● Work order: Please transcribe the data that follows without the pictures, keeping every word the same.

● Data extract:
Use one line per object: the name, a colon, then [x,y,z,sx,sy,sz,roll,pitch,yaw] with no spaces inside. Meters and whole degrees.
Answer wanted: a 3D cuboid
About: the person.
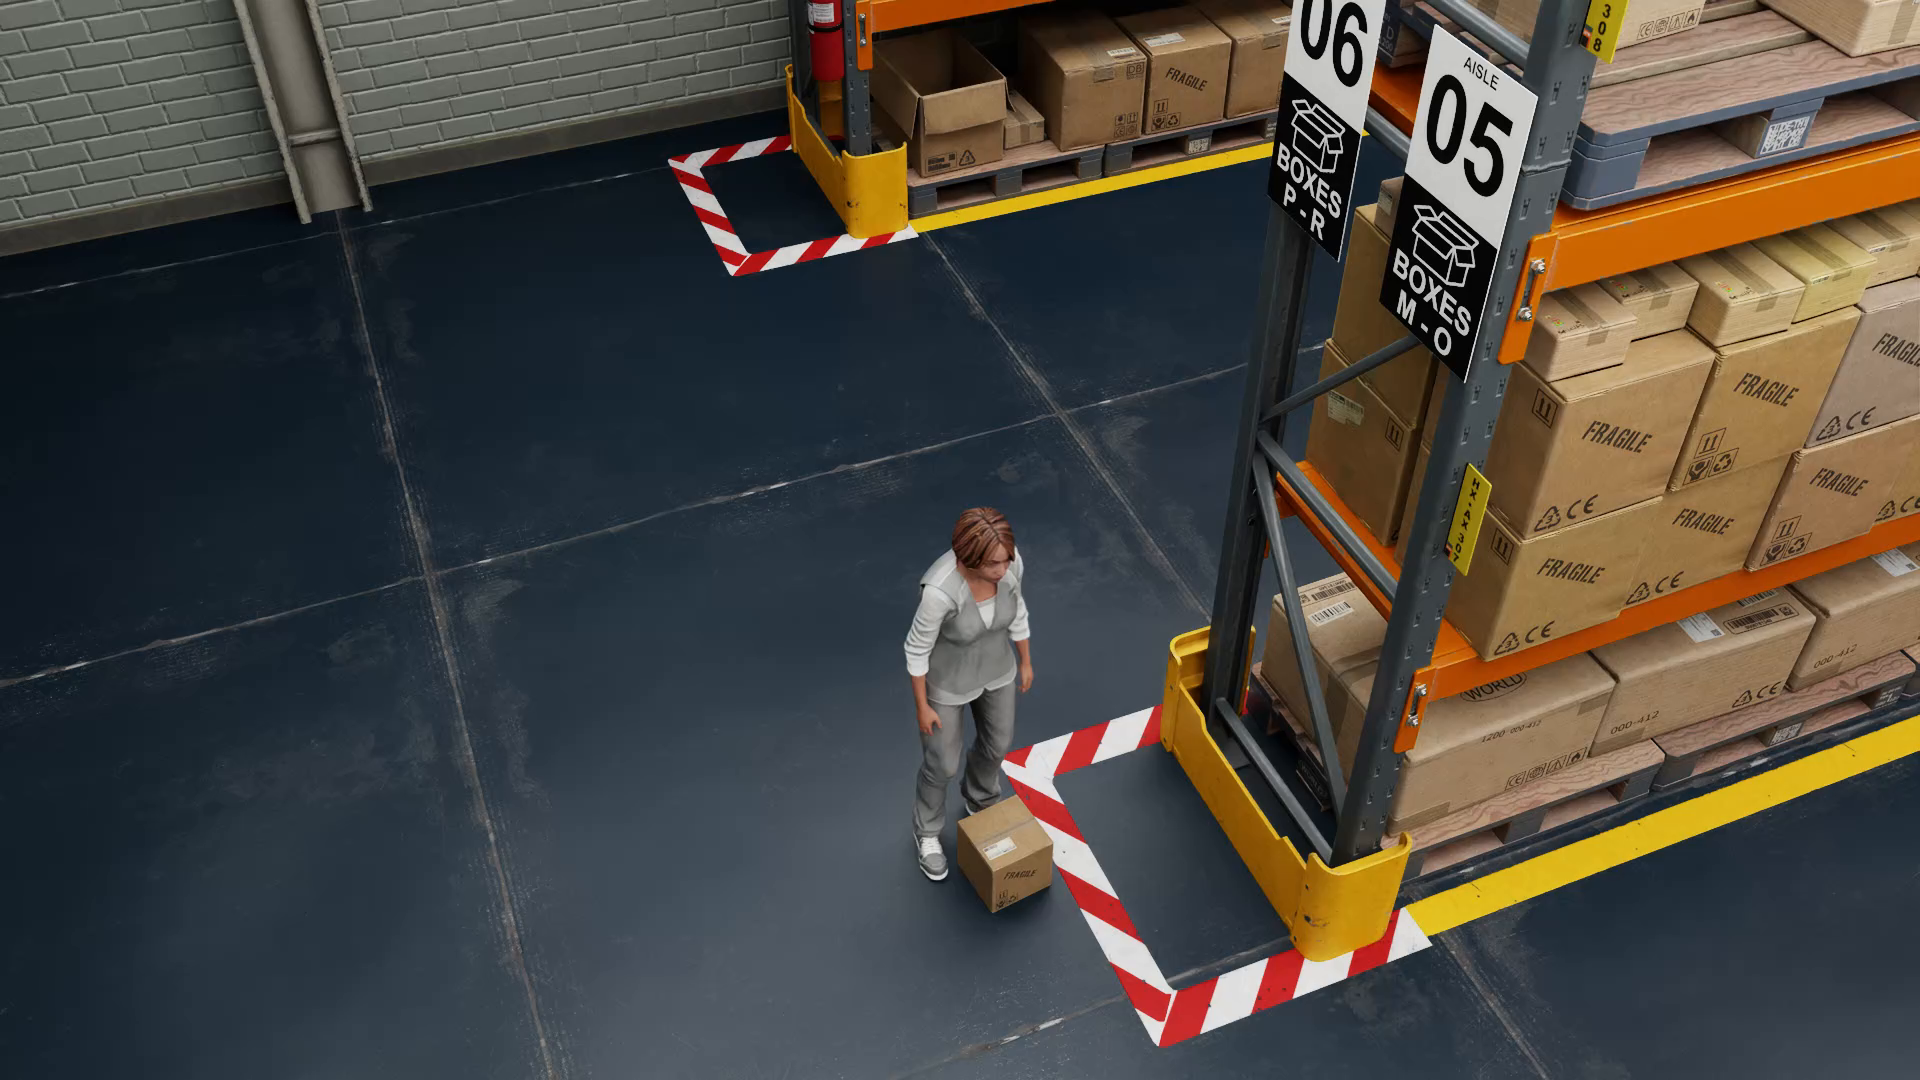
person: [0.028,0.485,5.635,0.484,1.594,0.341,-22,47,-23]

● Written solution:
Use one line per object: the name, a colon, then [x,y,z,sx,sy,sz,roll,pitch,yaw] with no spaces inside. Meters and whole degrees.
Answer wanted: a 3D cuboid
About: the person.
person: [0.028,0.485,5.635,0.484,1.594,0.341,-22,47,-23]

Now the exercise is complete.